Rasa is defined as a “knowledge perceived through Rasanā Indriya (roughly gustatory sensation) located at Jihvā (tongue).”[7] Caraka says rasa is experienced the moment a substance comes into contact with the tongue.[8] Caraka further states that the clearly perceived knowledge is only the rasa of the substance. Any other perception like those which happen afterwards or mildly are termed anurasa (a sequel to the main rasa).[9]
In Ayurveda, rasa has not been limited to the sensory knowledge through the taste buds but it has also been attributed certain actions which can be linked to the “flavors” experienced by means of retronasal olfaction and chemesthesis irritation. Thus, “rasa” refers to a complex totality of experience arising from all the perceptory interactions of the material with sensors in the mouth and nasal passages, taste buds, olfactory and chemesthetic receptors.[10]

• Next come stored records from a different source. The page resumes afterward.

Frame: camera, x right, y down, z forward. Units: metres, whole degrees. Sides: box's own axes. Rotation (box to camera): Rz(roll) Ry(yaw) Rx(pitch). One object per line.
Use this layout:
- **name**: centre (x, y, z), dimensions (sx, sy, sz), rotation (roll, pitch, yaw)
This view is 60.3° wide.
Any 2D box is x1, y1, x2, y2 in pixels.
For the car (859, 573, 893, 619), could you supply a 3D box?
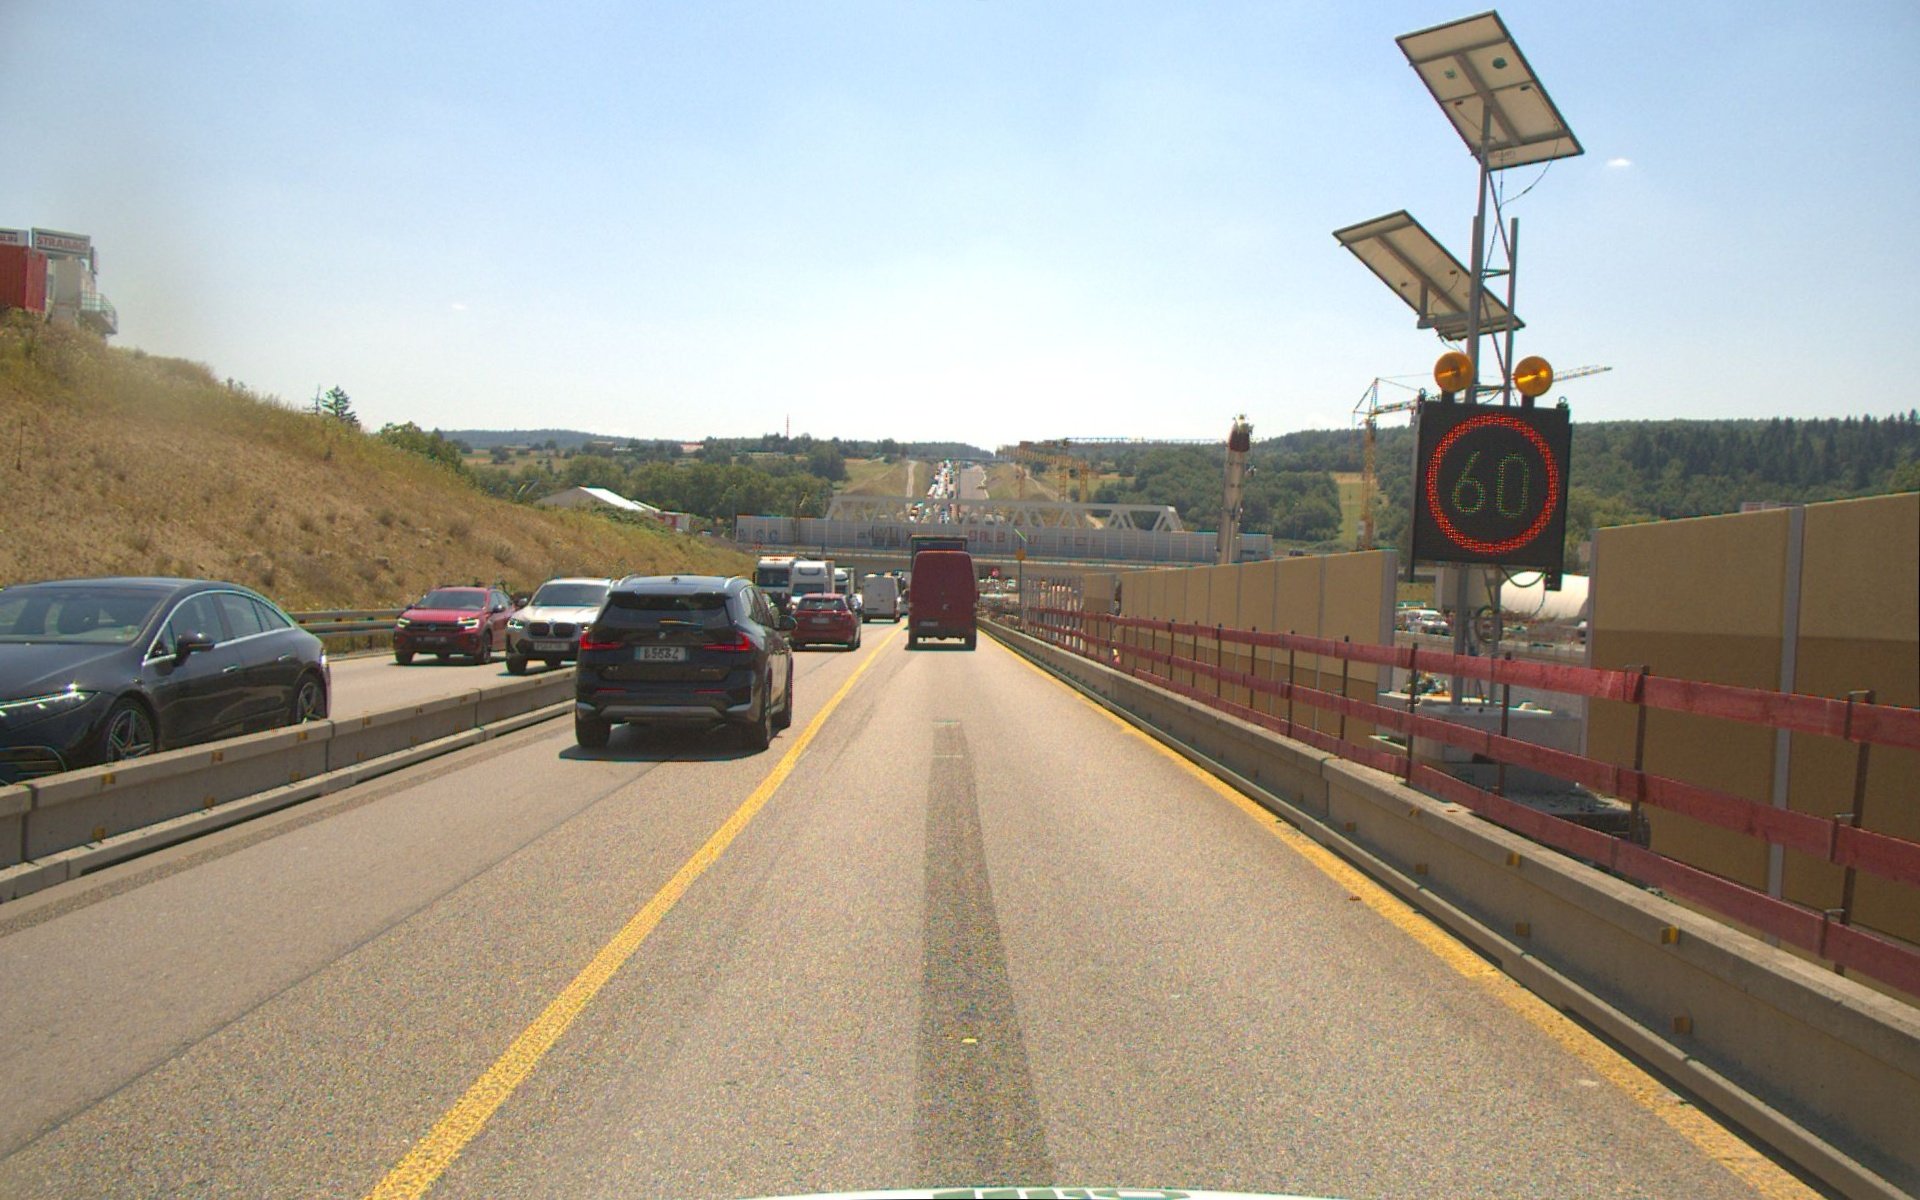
- **car**: centre (-4.633, -0.239, 91.937), dimensions (1.740, 2.484, 4.205), rotation (0, 0, -1)

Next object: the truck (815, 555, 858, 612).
- **truck**: centre (-8.497, -1.127, 114.828), dimensions (2.537, 3.824, 7.356), rotation (1, 0, -1)

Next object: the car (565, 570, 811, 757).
- **car**: centre (-2.620, 0.557, 16.938), dimensions (1.841, 1.646, 4.498), rotation (0, 0, -1)

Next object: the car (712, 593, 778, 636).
- **car**: centre (-7.513, 0.480, 58.135), dimensions (1.760, 1.452, 4.948), rotation (1, 0, -1)

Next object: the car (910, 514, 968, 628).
- **car**: centre (-1.049, -1.317, 79.515), dimensions (2.568, 5.120, 10.394), rotation (0, 0, -1)

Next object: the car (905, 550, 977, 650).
- **car**: centre (-0.566, -0.009, 47.483), dimensions (1.948, 2.737, 4.622), rotation (0, 0, -1)

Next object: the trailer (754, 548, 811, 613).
- **trailer**: centre (-12.019, -1.258, 113.005), dimensions (2.643, 4.095, 13.698), rotation (1, 0, -1)

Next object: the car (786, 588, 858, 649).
- **car**: centre (-3.644, 0.466, 44.164), dimensions (1.740, 1.544, 4.204), rotation (0, 0, -3)

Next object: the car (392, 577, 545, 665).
- **car**: centre (-9.896, 0.387, 33.694), dimensions (1.650, 1.613, 5.125), rotation (1, 0, -1)

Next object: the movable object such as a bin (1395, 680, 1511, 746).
- **movable object such as a bin**: centre (23.777, 5.412, 80.224), dimensions (3.099, 2.488, 7.894), rotation (3, 0, 0)

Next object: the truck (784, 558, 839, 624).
- **truck**: centre (-8.178, -0.506, 91.455), dimensions (2.487, 3.433, 7.036), rotation (1, 0, -1)

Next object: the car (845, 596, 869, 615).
- **car**: centre (-8.130, 0.434, 131.164), dimensions (1.743, 1.483, 4.718), rotation (1, 0, -2)

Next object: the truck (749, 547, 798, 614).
- **truck**: centre (-11.863, -1.232, 105.401), dimensions (2.643, 4.120, 3.954), rotation (1, 0, -2)

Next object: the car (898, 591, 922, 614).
- **car**: centre (-3.805, 0.208, 125.992), dimensions (1.740, 1.699, 4.027), rotation (0, 0, -1)

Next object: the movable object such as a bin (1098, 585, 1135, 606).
- **movable object such as a bin**: centre (22.118, -0.612, 233.878), dimensions (5.038, 2.856, 2.144), rotation (1, 0, 5)

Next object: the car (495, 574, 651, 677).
- **car**: centre (-6.954, 0.416, 30.199), dimensions (1.807, 1.694, 4.687), rotation (1, 0, -1)

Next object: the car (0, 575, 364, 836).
- **car**: centre (-6.276, 0.598, 12.278), dimensions (1.915, 1.525, 5.089), rotation (1, 0, -1)

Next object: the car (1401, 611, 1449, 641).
- **car**: centre (32.992, 1.830, 117.363), dimensions (1.770, 2.049, 4.822), rotation (1, 0, -4)

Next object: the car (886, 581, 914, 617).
- **car**: centre (-4.037, -0.087, 111.683), dimensions (1.740, 2.370, 4.205), rotation (0, 0, -1)

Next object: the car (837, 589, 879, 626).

Caraka goes on to state that the rasa can be different in fresh condition and dry form of the same substance.[11] Further, the same substance having different rasa in fresh and dry condition have different pharmacological properties in those conditions. For example, Piper longum Linn. is Madhura in fresh condition, whereas in dry form it is Katu and accordingly fresh P. longum is heavier to digest (guru) than dry P. longum which is easy to digest (laghu).[12] Therefore, it is obvious that since rasa indicates the pharmacological behavior of the substance as and when the substance is presented before the user, rasa can be used as a tool to test the substance in use.
Rasa has been used to guide the nourishment of the body. A diet comprising of all the six rasas is said to be the ideal one, indicating that all components required for a living system can be incorporated under the six rasas. Suśruta says, the strength, complexion, immunity, etc., of a living system is under the control of diet which in turn is under control of the six rasas.[13]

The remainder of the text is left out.